I know they make cooling systems for terrariums. Does anyone have one set up for a hedgehog cage? My A/C hasn't been working, and we're on some Peak Rewards system where they shut off our A/C for the middle of the day, so the apartment can get up to 85F, and her cage has read up to 85 here.


----------



## Guest (Apr 19, 2012)

im curious about this to. i know they cant have cold air blowing on them but people ive seen have a lot of trouble when they live in really hot countries with keeping the temp down


----------



## Rainy (Jul 27, 2011)

I've heard about people using icepacks on top of the cage. Cold air sinks, but you would have to play around with it to make sure the temp didn't get too cold.


----------



## zorropirate (Aug 13, 2010)

I've used portable air conditioner (floor unit's on wheels) units previous summers... and these large ice packs that are meant for picnic baskets to supplement on really hot days(found at Canadian dollarama's for 2$ each)... also have provided terracotta plant pots to sleep in...

My apt does not have airconditioning otherwise, and the portable unit's seem to really do the job, as you can direct them away from the hedgie cages... I've also always used fabric covers with my cages to prevent any drafts.


----------



## Quinn (Apr 24, 2011)

I've also started thinking about how I'm going to cool my cage this summer.

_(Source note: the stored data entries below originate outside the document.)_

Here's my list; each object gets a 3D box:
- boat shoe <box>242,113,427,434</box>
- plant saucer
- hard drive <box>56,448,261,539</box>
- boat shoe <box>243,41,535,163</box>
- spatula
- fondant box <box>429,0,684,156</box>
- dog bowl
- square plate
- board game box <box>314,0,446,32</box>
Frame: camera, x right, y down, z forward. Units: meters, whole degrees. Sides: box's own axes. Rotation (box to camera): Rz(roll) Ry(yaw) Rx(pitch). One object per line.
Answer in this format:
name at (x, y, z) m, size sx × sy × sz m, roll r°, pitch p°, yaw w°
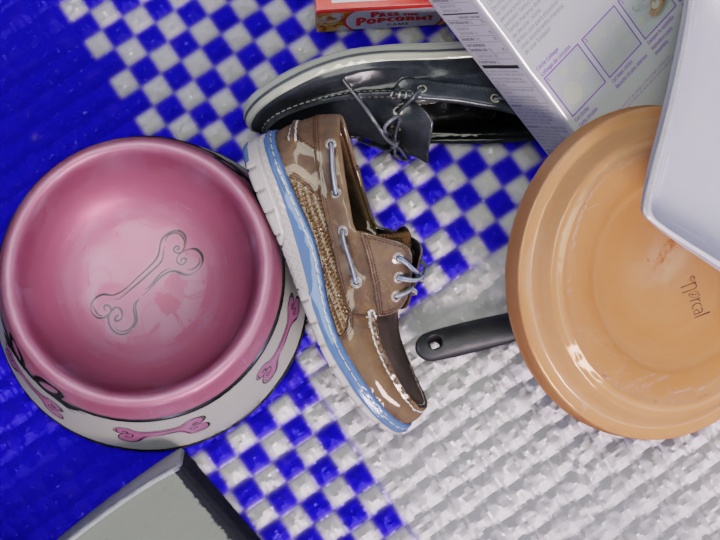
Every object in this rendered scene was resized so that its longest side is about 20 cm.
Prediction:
boat shoe at (0.000, 0.000, 1.227) m, size 0.072 × 0.072 × 0.201 m, roll -25°, pitch 93°, yaw 14°
plant saucer at (0.180, 0.002, 1.214) m, size 0.199 × 0.032 × 0.201 m, roll -2°, pitch 95°, yaw -25°
hard drive at (-0.146, 0.214, 1.219) m, size 0.200 × 0.042 × 0.135 m, roll -41°, pitch 80°, yaw -7°
boat shoe at (0.027, -0.101, 1.269) m, size 0.199 × 0.075 × 0.063 m, roll -6°, pitch 71°, yaw -5°
spatula at (0.130, 0.024, 1.264) m, size 0.199 × 0.021 × 0.057 m, roll -17°, pitch 65°, yaw 0°
fondant box at (0.132, -0.169, 1.225) m, size 0.144 × 0.058 × 0.200 m, roll -46°, pitch 114°, yaw -15°
dog bowl at (-0.133, 0.007, 1.249) m, size 0.199 × 0.074 × 0.201 m, roll 0°, pitch 77°, yaw 2°
square plate at (0.245, -0.066, 1.213) m, size 0.200 × 0.028 × 0.199 m, roll 33°, pitch 57°, yaw -29°
board game box at (0.066, -0.236, 1.310) m, size 0.199 × 0.046 × 0.152 m, roll -4°, pitch 78°, yaw 0°

Last summer I just had them in the living room with the air con. Even with the air con the temp was still above 80 :? too high for Quinn. This summer Their cage is much bigger and won't fit in the living room. I'm going to try ice packs on top and a piece of tile in the cage. But if anyone has any other ideas please share.


----------



## Christemo (Oct 5, 2011)

I don't have a thermostat, since the apartment usually does stay within a few degrees and my CHE adds a few degrees to that. It's almost perfect living conditions for a 'hog. :lol: 
I am moving her to a different cage hopefully to a different area... so maybe that'll help.


----------



## moxieberry (Nov 30, 2011)

We'll be moving Archimedes downstairs to the "basement" - which is really more of a semi-basement, it's half underground, though technically the first floor of a duplex-style house. It's basement-like enough that it stays much cooler, with that kind of perpetual "underground" temperature - not a great location in winter, but perfect for the summer. I also picked up a ceramic vase/jug thing large enough for him to fit all the way inside of, which he'll have in his cage.


----------



## Hillybean (Jun 10, 2010)

Couldn't you offer one of those granite chin chillers? 

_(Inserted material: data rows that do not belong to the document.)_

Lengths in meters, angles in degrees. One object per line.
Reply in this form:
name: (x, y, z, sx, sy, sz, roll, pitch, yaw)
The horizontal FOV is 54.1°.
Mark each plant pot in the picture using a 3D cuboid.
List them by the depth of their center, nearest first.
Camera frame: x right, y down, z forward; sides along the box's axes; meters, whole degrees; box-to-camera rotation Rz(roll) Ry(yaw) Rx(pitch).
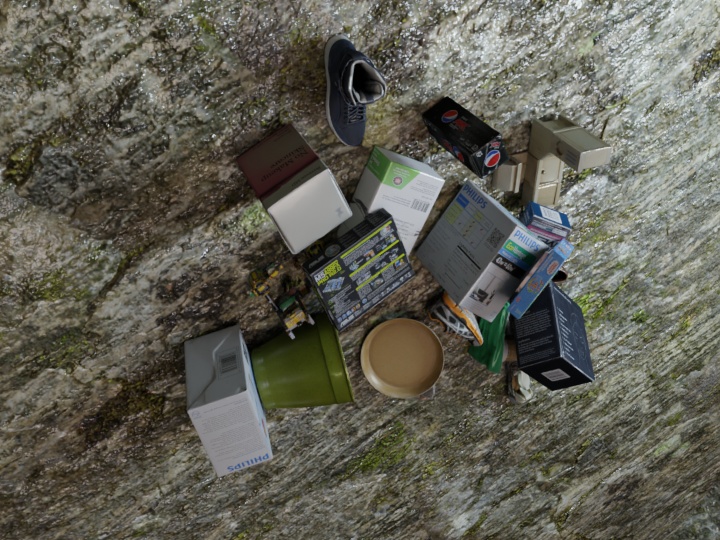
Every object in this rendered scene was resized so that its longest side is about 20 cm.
plant pot: (-0.126, 0.204, 1.489, 0.188, 0.202, 0.204, -15, 127, -3)
plant pot: (0.098, 0.201, 1.646, 0.194, 0.028, 0.206, 2, 109, 5)

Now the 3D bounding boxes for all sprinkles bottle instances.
sprinkles bottle: (0.418, 0.203, 1.841, 0.195, 0.068, 0.070, 2, 120, -29)

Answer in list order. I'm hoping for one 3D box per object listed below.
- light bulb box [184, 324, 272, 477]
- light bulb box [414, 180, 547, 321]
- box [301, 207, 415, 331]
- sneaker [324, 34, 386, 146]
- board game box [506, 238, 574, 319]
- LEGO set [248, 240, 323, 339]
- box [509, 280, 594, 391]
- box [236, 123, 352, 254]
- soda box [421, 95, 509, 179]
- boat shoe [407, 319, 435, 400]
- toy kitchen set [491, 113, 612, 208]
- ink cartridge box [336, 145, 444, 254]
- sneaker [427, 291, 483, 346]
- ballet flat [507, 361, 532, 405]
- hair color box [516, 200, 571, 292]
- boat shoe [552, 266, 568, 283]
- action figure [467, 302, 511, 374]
light bulb box: (-0.267, 0.261, 1.422, 0.121, 0.200, 0.204, -16, 128, -4)
light bulb box: (0.252, -0.042, 1.499, 0.123, 0.199, 0.202, 24, 109, -40)
box: (0.000, 0.000, 1.380, 0.198, 0.044, 0.162, -36, 129, -11)
sneaker: (-0.008, -0.292, 1.246, 0.075, 0.147, 0.206, -21, 129, -15)
board game box: (0.376, 0.013, 1.463, 0.153, 0.036, 0.199, -56, 168, 20)
LEGO set: (-0.118, 0.038, 1.415, 0.197, 0.116, 0.156, -28, 129, -9)
box: (0.468, 0.163, 1.729, 0.122, 0.202, 0.199, -20, 145, 33)
box: (-0.120, -0.148, 1.241, 0.126, 0.201, 0.110, -33, 131, -4)
soda box: (0.196, -0.255, 1.340, 0.070, 0.201, 0.064, -35, 131, -1)
boat shoe: (0.142, 0.210, 1.701, 0.073, 0.072, 0.206, -1, 109, 12)
toy kitchen set: (0.395, -0.194, 1.500, 0.159, 0.181, 0.205, -13, 126, -18)
ink cartridge box: (0.059, -0.126, 1.426, 0.143, 0.084, 0.204, 13, 113, -33)
sneaker: (0.231, 0.124, 1.694, 0.076, 0.079, 0.200, -33, 128, 14)
ballet flat: (0.437, 0.314, 1.924, 0.071, 0.072, 0.204, -25, 129, -11)
hair color box: (0.379, -0.047, 1.589, 0.097, 0.061, 0.203, 17, 127, -11)
boat shoe: (0.417, -0.004, 1.707, 0.195, 0.071, 0.072, 0, 125, -26)
action figure: (0.333, 0.137, 1.743, 0.054, 0.117, 0.206, -6, 115, -40)

Because it is granite it is cooler, not sure how cool they would get. Anyways, then the hedgie could move on or off of it if it wanted.


----------



## Christemo (Oct 5, 2011)

I would want to cool the whole cage... if this AC system really does what they're saying it does, it can reach 90+ inside during the middle of the summer, plus, when our AC does come on, PGE will only cool it to 15 degrees under the outside temperature, so if it's 100 degrees, it'll still be 85 in here.

Our apartment is like a basement... half is underground, half is above. Our windows are right at the grass line.


----------